Generous Lyra supporters donated the first batch of tablets, and the work of the coaches has been funded by $15,000 from the Michael Matthews Foundation, Lyra trustees and anonymous donor.

 

Now that initial barriers have been overcome, students love having their own tablets, and are growing in confidence as they use them. Girls living in school hostels, who can use them at weekends, are making especially good progress.

 

Students have accessed over 5,000 hours of digital learning to date. This is already a huge achievement in a context where teaching resources are so scarce they are often kept locked up for safety.

 

Schools are keen to incorporate digital learning, but many teachers remain sceptical of digital learning and suspicious of materials from outside the national curriculum. That’s where the coaches play a vital role in supporting teachers.

 

Lyra is working on a training programme that empowers teachers to change their teaching style. “So many training workshops are given – teachers return to their schools and nothing changes.
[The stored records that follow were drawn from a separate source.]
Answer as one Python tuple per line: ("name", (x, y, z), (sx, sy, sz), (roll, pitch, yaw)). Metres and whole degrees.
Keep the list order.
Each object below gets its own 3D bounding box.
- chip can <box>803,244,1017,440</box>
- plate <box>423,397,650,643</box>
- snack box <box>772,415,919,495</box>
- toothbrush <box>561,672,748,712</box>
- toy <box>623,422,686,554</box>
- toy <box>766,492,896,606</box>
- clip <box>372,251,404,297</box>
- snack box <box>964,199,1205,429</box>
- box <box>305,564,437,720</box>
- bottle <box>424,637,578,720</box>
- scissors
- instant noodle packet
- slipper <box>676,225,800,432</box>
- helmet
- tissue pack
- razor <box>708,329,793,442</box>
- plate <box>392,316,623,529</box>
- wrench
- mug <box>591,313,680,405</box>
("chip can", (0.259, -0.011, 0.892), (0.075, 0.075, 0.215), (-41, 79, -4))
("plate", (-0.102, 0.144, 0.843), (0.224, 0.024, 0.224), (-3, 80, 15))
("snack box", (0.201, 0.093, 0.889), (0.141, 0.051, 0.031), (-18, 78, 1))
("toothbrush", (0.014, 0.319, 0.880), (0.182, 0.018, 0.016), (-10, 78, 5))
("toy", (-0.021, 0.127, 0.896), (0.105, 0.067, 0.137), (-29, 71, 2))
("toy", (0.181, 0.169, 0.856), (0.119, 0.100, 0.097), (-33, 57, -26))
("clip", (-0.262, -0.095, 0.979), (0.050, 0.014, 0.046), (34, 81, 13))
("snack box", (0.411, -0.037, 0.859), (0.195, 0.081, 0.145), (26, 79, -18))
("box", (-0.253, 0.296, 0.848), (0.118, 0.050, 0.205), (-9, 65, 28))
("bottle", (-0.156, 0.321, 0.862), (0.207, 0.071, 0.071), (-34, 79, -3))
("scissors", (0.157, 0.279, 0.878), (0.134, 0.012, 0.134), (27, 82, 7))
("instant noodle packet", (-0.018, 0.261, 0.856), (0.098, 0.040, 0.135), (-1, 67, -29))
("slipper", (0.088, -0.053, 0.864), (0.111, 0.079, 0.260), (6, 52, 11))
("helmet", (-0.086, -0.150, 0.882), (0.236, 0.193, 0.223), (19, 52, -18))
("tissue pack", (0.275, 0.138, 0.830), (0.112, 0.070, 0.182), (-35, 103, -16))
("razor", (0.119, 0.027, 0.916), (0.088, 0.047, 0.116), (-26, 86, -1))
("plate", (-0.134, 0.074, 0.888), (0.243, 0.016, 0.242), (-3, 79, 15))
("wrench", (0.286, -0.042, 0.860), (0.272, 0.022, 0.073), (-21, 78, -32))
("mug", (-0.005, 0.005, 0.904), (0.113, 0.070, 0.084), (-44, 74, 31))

We understand the challenges and know how hard it is for teachers.” explained Lyra’s advisor, Naomi Rouse.  “We’re working on a model that will encourage innovation and reward pioneering teachers who dare to try something new.”

 

Lyra’s approach of having an open dialogue with teachers and schools, while also accepting and working with the realities of life in rural schools is attracting interest from the Ministry of Education, donors and other partners.

 

Meanwhile Lyra is confident not only that students will be making significant progress in maths by the end of next year, but also that the model of digital learning it is developing could eventually be applied widely, both within and beyond Tanzania.